Dispassionate debate at the Supreme Court

Police officers stand in front of the U.S. Supreme Court in Washington Jan. 7 as justices inside took a look at whether lethal injection constitutes cruel and unusual punishment. (CNS/Bob Roller)“Just the facts, ma’am,” Detective Jack Webb used to say on “Dragnet.”

That’s the safest approach to reporting on oral arguments before the Supreme Court. Leave the analysis to the pundits.

So it was with a fair amount of thought that I used the word “dispassionate” in a headline and news story from yesterday’s oral argument in Baze v. Rees, a case about the constitutionality of the lethal injection method used in 36 states.

Another observer might contend that the oral argument was full of passion, with repeated references to the “excruciating pain” experienced when the lethal injection procedure goes wrong at an execution.

Justice Antonin Scalia, always blunt, wondered where it’s written in the Constitution that an execution must be painless.

After all, he said, “it’s not surgery,” where the goal is for the patient to live. What difference does it make if an inmate dies painfully, as long as that wasn’t the intention of the executioners, he wondered.

That’s when the word “dispassionate” first occurred to me. Then there was the general disconnect in the courtroom.

What seemed obvious to me — it’s a human being’s life the justices were debating how to end — never seemed to be the point. Actually, the case could affect most of the 3,350 people currently on death row and others who will follow them there.

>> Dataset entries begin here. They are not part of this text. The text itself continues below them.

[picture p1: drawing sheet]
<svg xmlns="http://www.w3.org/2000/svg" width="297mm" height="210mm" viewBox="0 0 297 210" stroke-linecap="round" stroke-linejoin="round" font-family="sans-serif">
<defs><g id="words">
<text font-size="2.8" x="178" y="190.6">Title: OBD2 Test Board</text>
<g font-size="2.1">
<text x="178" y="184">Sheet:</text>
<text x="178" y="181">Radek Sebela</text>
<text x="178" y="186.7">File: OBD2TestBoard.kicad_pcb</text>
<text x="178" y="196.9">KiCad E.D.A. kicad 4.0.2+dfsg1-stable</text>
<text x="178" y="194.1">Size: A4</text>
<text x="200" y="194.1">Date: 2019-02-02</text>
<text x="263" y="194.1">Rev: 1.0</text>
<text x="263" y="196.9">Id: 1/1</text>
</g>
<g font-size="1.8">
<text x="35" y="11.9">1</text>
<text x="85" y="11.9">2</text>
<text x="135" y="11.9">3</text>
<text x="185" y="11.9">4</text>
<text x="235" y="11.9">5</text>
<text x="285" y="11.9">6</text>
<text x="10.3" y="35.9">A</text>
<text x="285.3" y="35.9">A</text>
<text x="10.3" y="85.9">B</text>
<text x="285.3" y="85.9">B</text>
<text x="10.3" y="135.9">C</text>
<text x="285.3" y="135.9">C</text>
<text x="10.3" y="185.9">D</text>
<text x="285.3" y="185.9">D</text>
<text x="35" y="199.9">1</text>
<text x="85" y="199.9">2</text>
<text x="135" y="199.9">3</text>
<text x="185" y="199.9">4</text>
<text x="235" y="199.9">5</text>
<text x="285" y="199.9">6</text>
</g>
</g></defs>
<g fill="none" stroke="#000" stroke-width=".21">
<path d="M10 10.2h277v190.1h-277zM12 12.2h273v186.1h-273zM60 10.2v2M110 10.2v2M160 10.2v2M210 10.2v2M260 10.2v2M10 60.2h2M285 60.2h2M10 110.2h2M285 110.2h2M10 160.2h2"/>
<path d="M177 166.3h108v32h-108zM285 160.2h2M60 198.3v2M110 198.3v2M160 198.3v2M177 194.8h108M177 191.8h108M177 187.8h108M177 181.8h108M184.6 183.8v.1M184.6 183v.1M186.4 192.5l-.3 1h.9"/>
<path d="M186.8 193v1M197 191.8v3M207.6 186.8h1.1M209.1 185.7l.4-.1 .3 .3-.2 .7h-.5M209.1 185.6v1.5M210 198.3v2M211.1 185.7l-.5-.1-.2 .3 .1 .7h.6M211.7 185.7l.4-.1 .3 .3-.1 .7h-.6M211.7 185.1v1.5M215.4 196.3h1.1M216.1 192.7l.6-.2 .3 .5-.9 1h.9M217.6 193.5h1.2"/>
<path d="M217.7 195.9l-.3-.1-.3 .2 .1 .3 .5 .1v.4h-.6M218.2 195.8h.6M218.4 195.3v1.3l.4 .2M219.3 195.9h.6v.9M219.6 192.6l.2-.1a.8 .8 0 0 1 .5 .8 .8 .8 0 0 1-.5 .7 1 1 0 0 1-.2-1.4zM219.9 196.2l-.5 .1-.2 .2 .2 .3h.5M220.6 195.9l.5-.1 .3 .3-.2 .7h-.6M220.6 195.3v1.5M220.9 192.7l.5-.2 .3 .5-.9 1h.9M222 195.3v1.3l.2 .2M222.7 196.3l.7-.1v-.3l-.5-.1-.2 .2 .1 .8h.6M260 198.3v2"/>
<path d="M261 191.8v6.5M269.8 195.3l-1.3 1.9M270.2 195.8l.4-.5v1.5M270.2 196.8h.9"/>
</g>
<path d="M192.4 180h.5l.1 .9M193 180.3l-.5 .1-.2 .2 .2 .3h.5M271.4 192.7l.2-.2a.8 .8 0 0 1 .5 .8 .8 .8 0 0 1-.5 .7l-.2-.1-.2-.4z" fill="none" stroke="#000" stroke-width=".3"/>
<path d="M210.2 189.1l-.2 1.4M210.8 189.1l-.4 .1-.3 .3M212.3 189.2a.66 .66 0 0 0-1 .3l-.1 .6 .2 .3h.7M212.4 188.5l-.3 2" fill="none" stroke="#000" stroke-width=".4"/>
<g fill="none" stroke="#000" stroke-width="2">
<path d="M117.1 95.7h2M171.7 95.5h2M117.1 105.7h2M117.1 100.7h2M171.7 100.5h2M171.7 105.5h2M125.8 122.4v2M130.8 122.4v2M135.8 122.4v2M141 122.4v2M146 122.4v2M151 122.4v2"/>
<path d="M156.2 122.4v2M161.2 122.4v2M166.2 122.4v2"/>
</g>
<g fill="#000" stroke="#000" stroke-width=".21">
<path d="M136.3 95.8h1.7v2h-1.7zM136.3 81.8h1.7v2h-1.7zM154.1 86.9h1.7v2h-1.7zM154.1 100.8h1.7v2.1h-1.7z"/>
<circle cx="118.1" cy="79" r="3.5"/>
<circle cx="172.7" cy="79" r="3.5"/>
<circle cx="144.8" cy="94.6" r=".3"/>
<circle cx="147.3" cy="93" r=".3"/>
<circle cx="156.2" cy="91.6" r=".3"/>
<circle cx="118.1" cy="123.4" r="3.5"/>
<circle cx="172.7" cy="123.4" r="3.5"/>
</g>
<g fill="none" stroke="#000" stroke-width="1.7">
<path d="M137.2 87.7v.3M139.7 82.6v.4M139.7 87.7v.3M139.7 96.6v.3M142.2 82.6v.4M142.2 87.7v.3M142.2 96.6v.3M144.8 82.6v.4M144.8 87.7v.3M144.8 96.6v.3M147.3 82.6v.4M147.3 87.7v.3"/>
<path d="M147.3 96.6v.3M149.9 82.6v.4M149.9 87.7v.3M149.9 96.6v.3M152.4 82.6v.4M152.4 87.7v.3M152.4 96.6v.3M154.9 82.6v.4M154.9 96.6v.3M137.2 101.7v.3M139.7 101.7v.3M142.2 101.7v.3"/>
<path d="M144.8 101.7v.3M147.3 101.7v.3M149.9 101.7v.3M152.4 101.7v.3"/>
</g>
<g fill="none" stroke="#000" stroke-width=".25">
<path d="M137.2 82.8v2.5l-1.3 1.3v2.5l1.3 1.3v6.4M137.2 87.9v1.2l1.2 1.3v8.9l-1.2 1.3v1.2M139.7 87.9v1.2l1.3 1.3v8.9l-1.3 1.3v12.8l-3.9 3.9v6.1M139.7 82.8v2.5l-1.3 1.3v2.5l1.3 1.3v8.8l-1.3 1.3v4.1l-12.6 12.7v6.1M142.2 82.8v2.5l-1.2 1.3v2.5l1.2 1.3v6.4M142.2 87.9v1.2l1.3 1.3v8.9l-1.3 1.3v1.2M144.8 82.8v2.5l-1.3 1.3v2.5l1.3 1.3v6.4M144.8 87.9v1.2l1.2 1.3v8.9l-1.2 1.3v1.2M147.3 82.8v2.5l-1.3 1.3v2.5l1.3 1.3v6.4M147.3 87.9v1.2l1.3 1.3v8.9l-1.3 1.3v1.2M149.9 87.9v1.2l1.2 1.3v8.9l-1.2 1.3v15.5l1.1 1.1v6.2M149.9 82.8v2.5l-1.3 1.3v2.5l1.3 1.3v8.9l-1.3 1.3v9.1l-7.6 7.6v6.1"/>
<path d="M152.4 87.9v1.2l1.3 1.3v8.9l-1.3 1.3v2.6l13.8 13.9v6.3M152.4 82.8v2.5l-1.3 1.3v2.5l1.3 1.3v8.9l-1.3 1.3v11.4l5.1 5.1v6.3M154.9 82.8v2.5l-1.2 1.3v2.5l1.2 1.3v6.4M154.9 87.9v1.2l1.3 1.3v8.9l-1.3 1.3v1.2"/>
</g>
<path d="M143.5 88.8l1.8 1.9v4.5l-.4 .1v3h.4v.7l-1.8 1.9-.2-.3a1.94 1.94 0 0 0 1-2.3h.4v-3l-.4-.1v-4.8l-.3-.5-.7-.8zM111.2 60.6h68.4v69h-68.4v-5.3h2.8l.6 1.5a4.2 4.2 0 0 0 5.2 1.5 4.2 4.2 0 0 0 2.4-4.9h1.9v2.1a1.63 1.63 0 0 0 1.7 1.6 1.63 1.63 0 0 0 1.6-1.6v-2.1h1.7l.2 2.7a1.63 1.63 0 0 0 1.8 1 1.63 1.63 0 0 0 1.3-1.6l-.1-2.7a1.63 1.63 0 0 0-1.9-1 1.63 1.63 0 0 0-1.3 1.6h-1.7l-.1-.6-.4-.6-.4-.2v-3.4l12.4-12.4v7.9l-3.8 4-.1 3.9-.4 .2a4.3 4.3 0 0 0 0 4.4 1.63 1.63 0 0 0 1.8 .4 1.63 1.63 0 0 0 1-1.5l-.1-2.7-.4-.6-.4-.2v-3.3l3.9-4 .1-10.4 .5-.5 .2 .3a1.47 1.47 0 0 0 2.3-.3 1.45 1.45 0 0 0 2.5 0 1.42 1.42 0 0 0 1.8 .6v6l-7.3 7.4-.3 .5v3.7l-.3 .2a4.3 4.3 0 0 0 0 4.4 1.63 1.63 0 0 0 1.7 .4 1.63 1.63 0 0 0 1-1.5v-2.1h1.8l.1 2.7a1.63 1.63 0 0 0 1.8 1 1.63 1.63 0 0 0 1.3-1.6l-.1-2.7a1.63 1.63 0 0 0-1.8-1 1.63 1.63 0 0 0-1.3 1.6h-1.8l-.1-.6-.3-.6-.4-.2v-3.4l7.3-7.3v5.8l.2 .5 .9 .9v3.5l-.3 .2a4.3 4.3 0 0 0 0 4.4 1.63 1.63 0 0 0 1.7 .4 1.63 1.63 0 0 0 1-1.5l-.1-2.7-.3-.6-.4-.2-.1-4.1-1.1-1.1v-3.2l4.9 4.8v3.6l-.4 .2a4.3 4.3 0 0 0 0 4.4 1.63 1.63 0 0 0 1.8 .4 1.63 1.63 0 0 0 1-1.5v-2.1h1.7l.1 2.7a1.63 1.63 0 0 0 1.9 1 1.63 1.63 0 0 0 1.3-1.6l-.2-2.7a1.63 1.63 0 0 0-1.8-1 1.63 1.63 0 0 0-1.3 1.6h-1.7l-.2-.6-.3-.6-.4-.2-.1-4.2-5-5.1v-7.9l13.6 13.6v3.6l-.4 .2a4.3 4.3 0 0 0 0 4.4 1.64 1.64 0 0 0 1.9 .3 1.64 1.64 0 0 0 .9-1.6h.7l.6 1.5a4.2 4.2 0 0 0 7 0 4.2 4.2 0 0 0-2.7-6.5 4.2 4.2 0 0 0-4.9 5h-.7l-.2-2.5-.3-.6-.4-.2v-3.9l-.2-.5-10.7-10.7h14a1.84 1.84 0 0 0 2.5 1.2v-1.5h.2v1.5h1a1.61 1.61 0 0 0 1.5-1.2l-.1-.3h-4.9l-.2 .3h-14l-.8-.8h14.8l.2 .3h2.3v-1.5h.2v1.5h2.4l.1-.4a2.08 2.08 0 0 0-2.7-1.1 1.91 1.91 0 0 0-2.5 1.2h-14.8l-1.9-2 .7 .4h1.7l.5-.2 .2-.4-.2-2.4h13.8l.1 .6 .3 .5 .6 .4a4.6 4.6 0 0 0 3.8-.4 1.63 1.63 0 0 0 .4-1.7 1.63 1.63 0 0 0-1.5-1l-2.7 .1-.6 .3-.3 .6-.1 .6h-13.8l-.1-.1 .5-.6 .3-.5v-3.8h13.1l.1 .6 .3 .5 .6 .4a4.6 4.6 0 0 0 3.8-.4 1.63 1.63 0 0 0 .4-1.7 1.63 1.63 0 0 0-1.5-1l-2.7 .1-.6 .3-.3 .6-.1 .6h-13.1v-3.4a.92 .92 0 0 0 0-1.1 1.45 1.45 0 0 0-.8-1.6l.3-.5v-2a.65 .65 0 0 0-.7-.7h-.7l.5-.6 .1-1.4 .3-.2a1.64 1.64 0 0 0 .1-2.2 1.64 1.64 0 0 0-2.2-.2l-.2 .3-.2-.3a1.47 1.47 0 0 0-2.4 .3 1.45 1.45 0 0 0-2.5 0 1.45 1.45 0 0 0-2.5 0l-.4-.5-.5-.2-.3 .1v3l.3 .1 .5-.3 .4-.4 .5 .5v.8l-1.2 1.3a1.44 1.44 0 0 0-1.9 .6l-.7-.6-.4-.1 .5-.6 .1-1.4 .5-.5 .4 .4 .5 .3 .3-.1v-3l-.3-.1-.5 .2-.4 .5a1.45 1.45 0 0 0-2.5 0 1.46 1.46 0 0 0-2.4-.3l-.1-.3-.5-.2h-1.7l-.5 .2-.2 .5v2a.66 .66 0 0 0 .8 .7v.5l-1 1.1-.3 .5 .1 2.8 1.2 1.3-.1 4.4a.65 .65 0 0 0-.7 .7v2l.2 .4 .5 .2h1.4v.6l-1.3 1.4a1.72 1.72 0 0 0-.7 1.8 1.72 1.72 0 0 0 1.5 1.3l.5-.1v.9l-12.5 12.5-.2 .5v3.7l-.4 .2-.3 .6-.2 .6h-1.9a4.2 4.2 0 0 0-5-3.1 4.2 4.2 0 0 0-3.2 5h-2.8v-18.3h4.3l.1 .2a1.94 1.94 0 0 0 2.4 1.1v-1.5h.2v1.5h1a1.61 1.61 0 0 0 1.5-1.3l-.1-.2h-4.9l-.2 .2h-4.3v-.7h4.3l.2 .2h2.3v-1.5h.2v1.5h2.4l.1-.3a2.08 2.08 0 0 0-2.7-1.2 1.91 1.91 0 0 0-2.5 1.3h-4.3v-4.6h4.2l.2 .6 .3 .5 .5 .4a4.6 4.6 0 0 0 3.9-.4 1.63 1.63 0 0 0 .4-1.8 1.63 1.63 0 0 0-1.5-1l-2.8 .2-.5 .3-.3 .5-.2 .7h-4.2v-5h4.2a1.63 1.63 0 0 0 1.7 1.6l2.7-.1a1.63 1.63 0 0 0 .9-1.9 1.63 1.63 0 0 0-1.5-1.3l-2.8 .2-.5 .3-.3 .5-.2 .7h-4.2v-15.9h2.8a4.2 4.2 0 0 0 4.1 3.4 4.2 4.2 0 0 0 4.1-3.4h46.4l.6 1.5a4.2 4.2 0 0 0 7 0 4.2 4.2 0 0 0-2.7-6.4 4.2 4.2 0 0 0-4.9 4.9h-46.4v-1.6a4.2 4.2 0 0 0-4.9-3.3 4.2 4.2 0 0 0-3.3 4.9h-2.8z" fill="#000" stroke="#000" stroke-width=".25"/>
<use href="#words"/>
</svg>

Granted, the legal issue before the court was about the procedures, not the morality of capital punishment. And the Supreme Court has made it abundantly clear that they prefer to be concerned with only the narrowest interpretations of the Constitution necessary.

It’s a “just the facts, ma’am,” world they inhabit.

Even the attorney for Ralph Baze and Thomas Bowling, the two Kentucky inmates who are appealing the method of their planned executions, never said a word to connect those living, breathing, feeling men to the clinical system of killing being evaluated Indeed, the only mention of their names was in calling the title of the case.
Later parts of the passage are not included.